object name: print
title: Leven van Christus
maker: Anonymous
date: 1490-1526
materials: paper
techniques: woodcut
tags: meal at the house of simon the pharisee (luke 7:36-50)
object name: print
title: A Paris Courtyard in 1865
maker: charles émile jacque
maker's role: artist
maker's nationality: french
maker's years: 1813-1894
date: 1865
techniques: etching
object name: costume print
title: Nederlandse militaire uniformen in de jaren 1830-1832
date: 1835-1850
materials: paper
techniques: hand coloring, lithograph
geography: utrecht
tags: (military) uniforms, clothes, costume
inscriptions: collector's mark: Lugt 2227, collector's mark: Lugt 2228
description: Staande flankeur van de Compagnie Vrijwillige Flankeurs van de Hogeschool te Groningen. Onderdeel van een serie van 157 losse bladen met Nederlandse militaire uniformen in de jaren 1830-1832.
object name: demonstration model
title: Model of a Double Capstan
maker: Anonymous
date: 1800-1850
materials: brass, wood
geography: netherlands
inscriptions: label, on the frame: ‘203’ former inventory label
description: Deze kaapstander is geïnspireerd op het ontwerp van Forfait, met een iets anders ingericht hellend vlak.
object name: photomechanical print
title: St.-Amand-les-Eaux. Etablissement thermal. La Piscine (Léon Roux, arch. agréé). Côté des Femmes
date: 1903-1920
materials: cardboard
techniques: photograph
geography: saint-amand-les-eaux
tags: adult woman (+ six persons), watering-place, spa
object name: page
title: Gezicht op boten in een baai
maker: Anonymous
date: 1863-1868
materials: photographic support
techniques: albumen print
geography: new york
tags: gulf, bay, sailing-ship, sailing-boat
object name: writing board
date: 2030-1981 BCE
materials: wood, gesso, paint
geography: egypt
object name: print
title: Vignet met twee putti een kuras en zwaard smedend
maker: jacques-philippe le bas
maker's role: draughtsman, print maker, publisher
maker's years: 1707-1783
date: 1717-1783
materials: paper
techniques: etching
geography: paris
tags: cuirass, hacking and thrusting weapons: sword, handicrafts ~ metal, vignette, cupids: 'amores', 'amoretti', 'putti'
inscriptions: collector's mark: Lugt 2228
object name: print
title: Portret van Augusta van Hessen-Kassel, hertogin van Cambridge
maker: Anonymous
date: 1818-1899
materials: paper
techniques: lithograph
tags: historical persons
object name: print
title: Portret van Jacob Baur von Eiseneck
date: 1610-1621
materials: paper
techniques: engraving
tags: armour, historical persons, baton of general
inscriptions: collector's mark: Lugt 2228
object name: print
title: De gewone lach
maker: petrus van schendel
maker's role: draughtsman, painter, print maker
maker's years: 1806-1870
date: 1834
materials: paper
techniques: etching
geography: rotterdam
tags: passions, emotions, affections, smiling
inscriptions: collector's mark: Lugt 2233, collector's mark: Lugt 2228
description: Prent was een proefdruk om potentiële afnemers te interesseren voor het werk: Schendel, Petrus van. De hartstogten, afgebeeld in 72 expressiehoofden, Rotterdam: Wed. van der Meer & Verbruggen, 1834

----------------

Return every line from the material that contains the word "geography".

geography: utrecht
geography: netherlands
geography: saint-amand-les-eaux
geography: new york
geography: egypt
geography: paris
geography: rotterdam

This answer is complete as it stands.